Virginia congressional Democrats hint at path for easing political crisis

By Katharine Jackson

RICHMOND, Va. (Reuters) – Virginia‘s congressional Democratic delegation has hinted at a possible pathway for easing a week-old political crisis that has embroiled Governor Ralph Northam and two fellow Democrats at the top of the state‘s executive branch.

A statement issued on Thursday by U.S. Senators Tim Kaine and Mark Warner, and signed by seven other Virginia Democrats from the House of Representatives, still called for Northam to resign over racist imagery on his 1984 medical school page ad his admission to having performed in blackface.

But the statement suggested a readiness to forgive the embattled state attorney general, Mark Herring, who also admitted to a blackface episode in 1980 while in college. Blackface traces its history to 19th century “minstrel” shows that mocked African-Americans and is seen as offensive by many Americans.

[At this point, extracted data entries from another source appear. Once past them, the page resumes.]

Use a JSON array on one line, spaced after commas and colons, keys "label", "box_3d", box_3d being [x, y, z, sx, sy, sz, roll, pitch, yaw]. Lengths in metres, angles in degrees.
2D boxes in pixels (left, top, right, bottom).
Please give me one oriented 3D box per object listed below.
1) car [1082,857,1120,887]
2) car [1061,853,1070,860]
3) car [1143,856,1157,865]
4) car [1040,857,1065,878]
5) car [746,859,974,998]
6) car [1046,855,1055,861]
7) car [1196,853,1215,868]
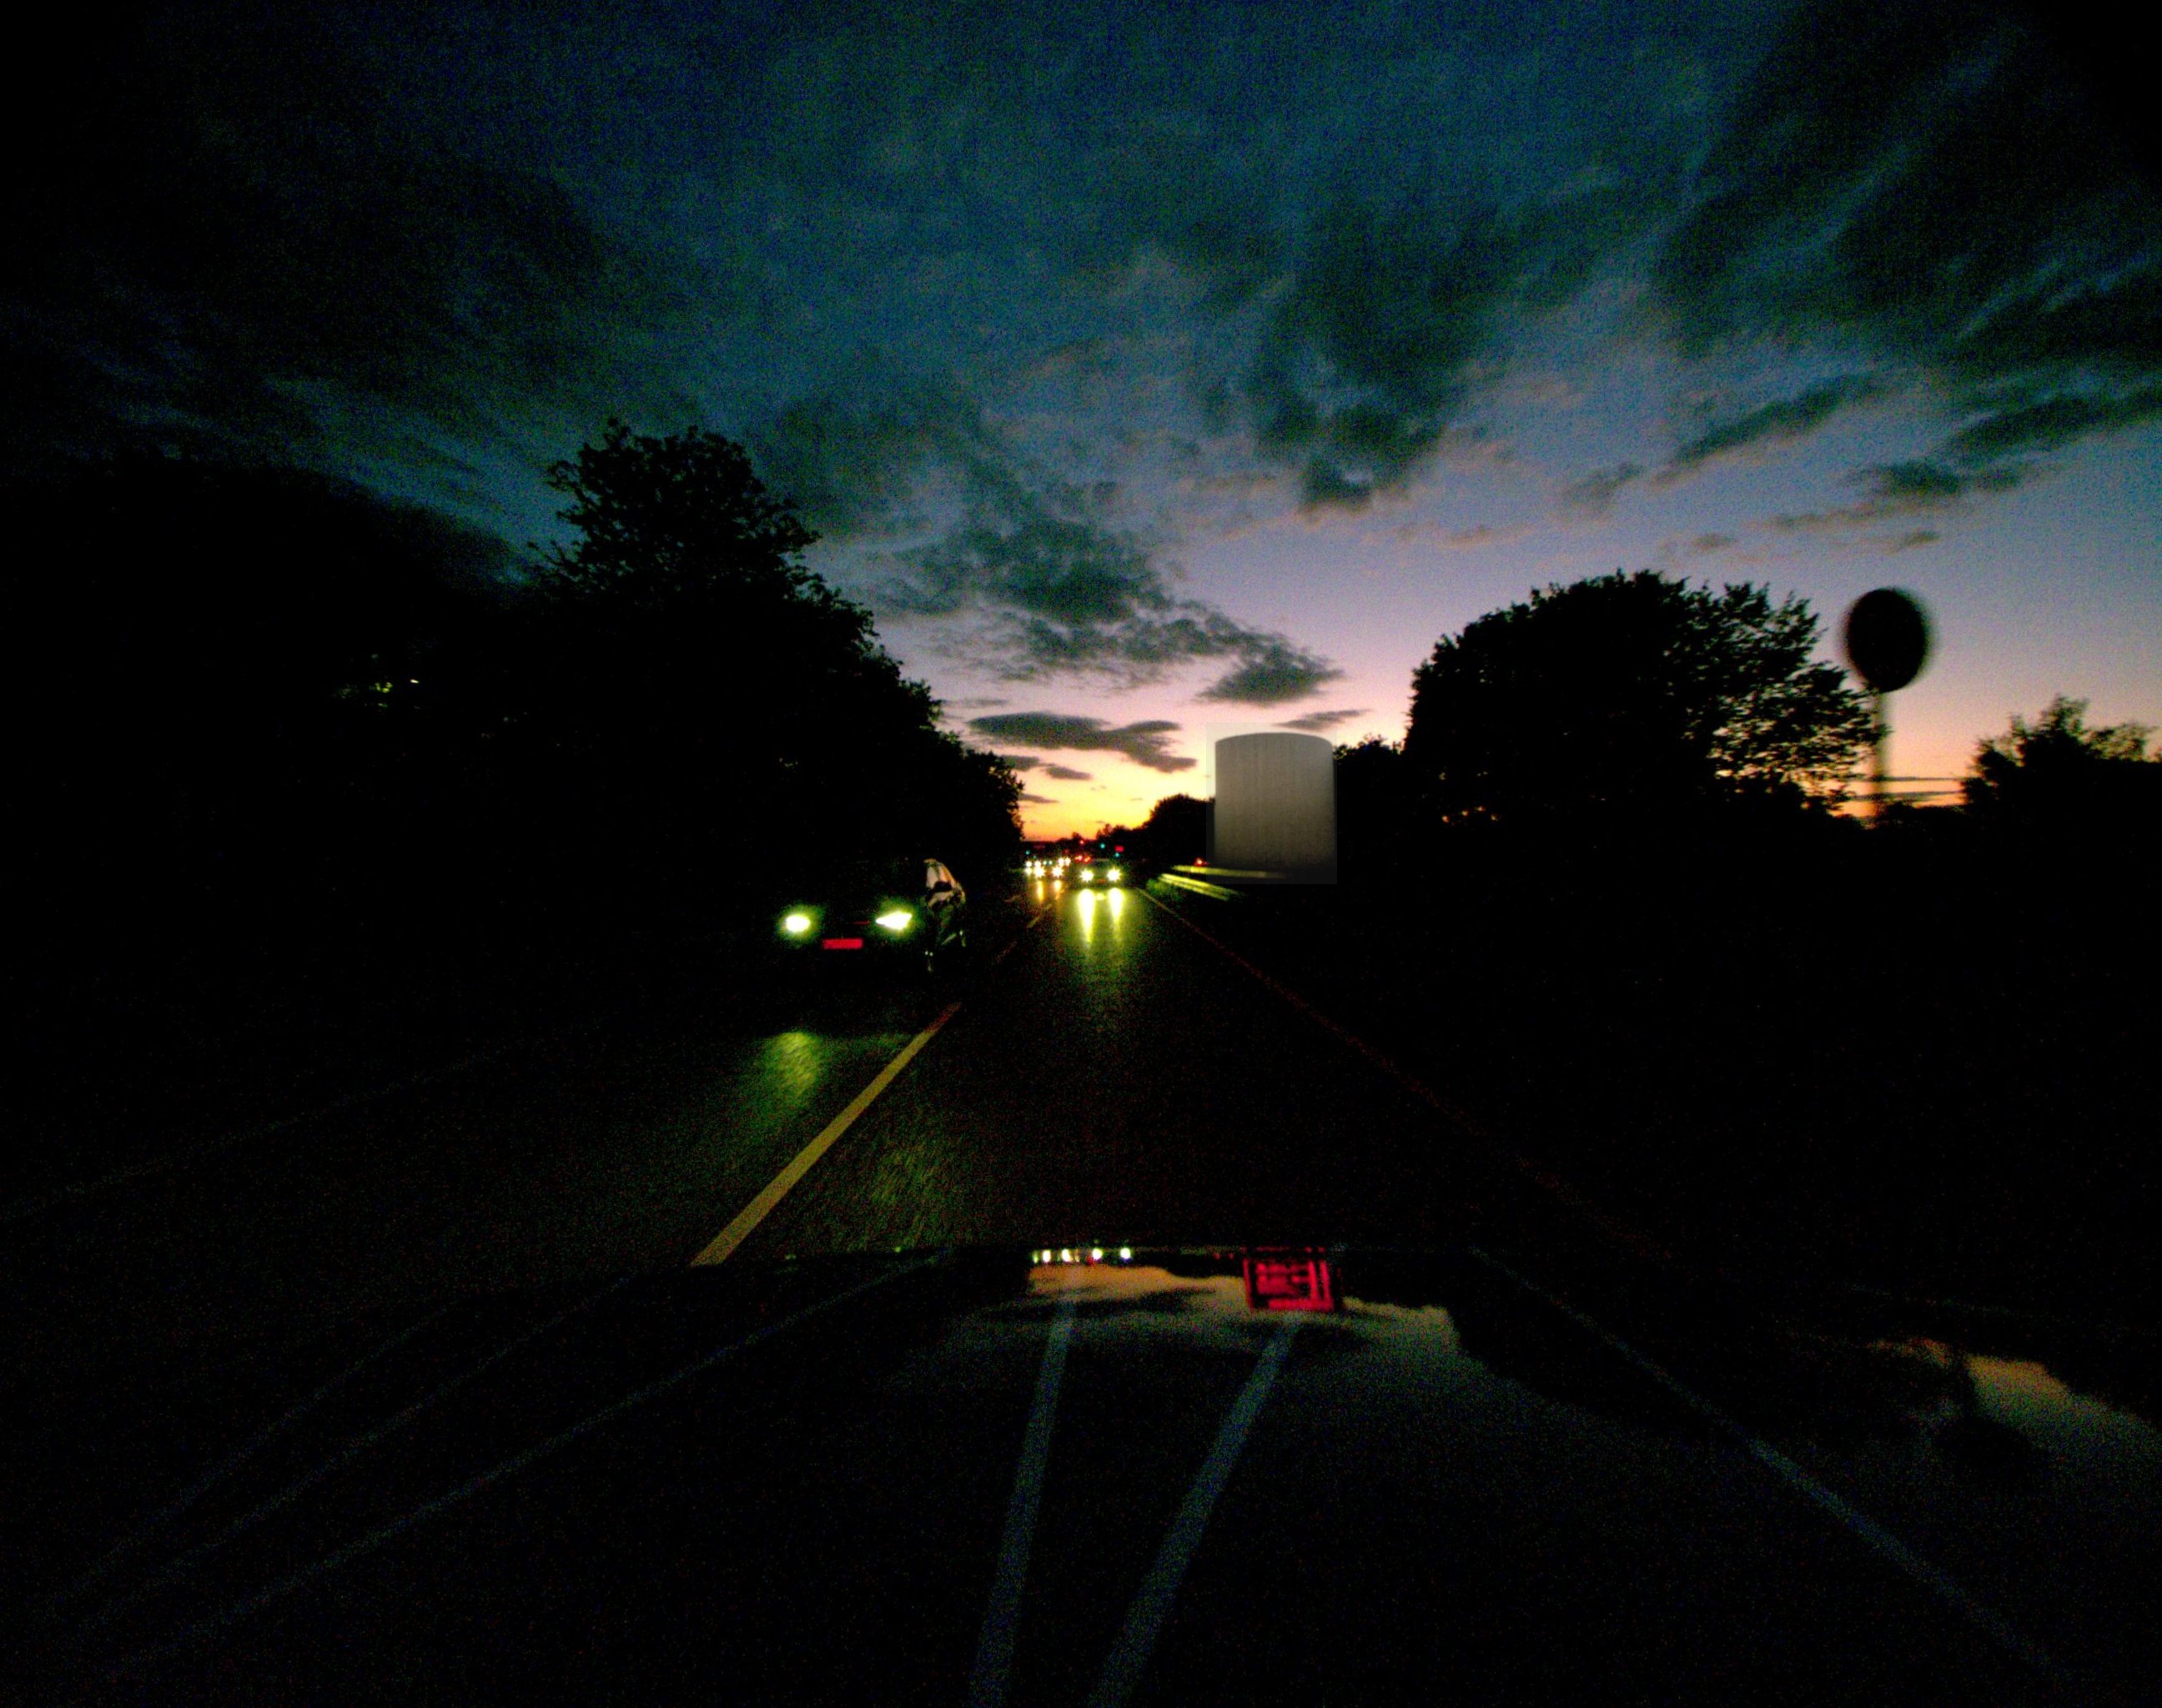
[{"label": "car", "box_3d": [1.018, 0.911, 40.972, 1.901, 1.472, 4.514, -2, 0, 0]}, {"label": "car", "box_3d": [-3.580, 0.556, 172.764, 1.999, 1.602, 4.501, -1, 0, -1]}, {"label": "car", "box_3d": [11.384, 1.040, 125.701, 1.926, 1.423, 4.501, 0, 0, -1]}, {"label": "car", "box_3d": [-2.162, 0.976, 57.932, 1.624, 1.460, 3.871, -2, 0, 1]}, {"label": "car", "box_3d": [-3.022, 0.929, 11.608, 1.998, 1.600, 4.711, -2, 0, 1]}, {"label": "car", "box_3d": [-7.703, 0.930, 191.434, 1.999, 1.423, 4.501, 0, 0, -1]}, {"label": "car", "box_3d": [14.138, 0.712, 86.520, 1.798, 1.661, 4.503, -1, 0, 4]}]
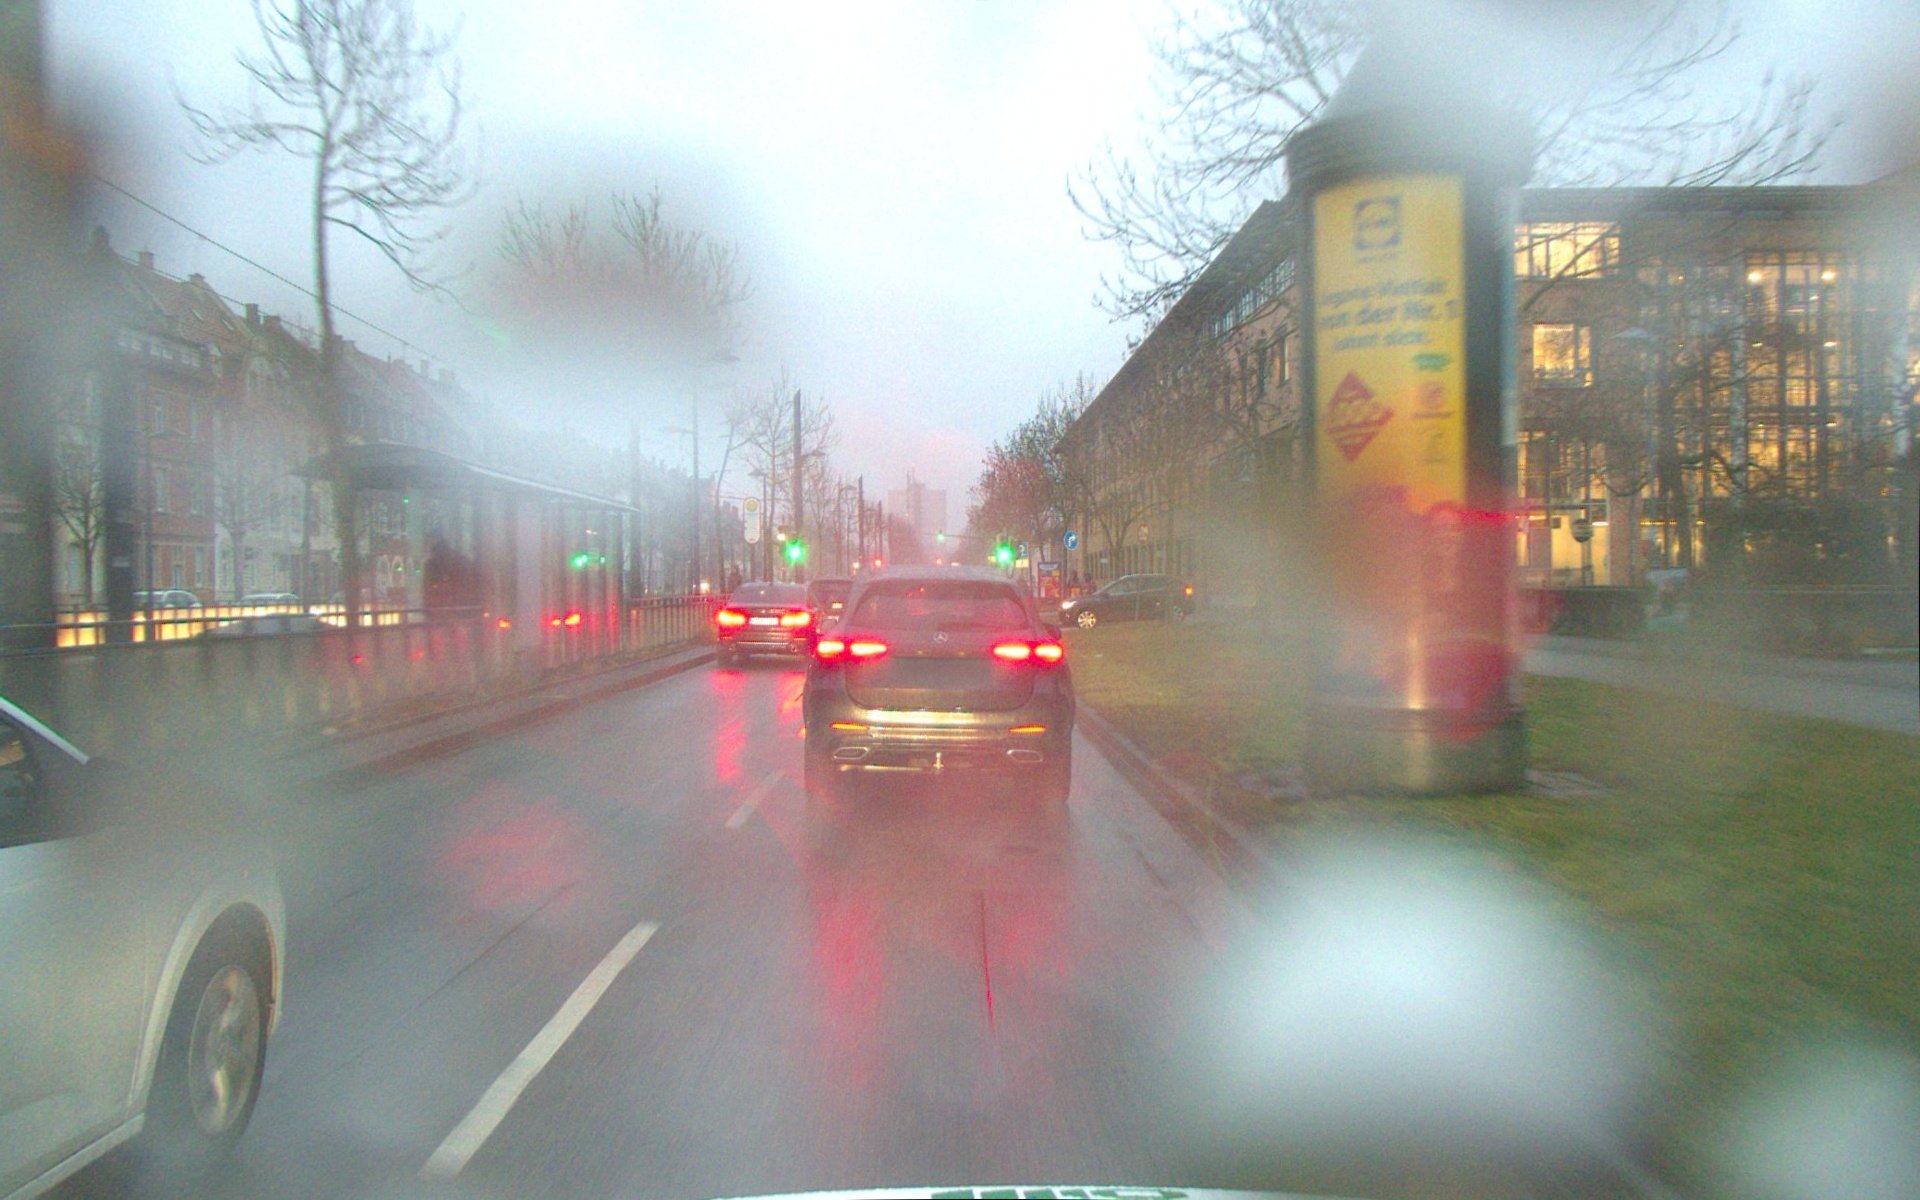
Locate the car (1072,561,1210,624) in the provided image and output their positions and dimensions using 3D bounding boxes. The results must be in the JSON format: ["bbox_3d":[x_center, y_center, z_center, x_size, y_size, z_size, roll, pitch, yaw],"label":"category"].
[{"bbox_3d":[5.277,-0.219,48.524,3.781,1.587,1.766,-4,1,0],"label":"car"}]

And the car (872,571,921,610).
[{"bbox_3d":[-2.813,-0.455,73.743,1.952,1.646,4.000,-1,1,0],"label":"car"}]

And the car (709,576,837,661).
[{"bbox_3d":[-3.383,0.295,30.669,1.953,1.422,3.999,-1,1,-1],"label":"car"}]

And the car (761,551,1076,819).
[{"bbox_3d":[-0.312,0.505,12.419,1.951,1.644,3.999,-1,1,-2],"label":"car"}]

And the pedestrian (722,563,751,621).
[{"bbox_3d":[-6.190,-0.218,45.896,0.684,1.579,0.669,-1,0,-1],"label":"pedestrian"}]

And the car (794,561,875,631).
[{"bbox_3d":[-3.415,-0.127,45.684,1.953,1.796,3.999,-1,1,-1],"label":"car"}]

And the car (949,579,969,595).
[{"bbox_3d":[-0.085,-1.300,167.180,1.953,1.505,3.999,-2,1,-1],"label":"car"}]

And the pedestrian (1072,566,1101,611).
[{"bbox_3d":[4.591,-0.411,60.146,0.888,1.624,0.499,-1,1,41],"label":"pedestrian"}]

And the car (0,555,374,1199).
[{"bbox_3d":[-2.513,0.697,2.827,1.593,1.513,4.000,-1,1,-1],"label":"car"}]

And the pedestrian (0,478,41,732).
[{"bbox_3d":[-6.545,0.028,10.809,0.697,1.634,0.746,0,0,-6],"label":"pedestrian"}]

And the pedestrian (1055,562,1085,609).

The scandals have rattled the Democratic Party in a state where it has been gaining ground in recent years and that will play a key role in picking the winner of the 2020 presidential elections.

Northam, 59, and Herring, 57, both white, have apologized in recent days for the blackface incidents. Northam additionally was revealed to have had a photo featuring a person in blackface and another in the white robes of the white supremacist Ku Klux Klan printed on his medical school yearbook page.

Herring said he had donned blackface to imitate groundbreaking 1980s rapper Kurtis Blow, who weighed in on the matter on Friday.

“It is unfortunate that in this current climate we are confronted with the use of blackface as a barometer of where we are as a society,” he said on Instagram. “It is my hope that these regrettable actions can be turned into teachable moments.”

Lieutenant Governor Justin Fairfax, a 39-year-old African-American, has meanwhile been accused of forcing himself sexually on a woman 14 years ago. He denies the allegation, saying the encounter was consensual.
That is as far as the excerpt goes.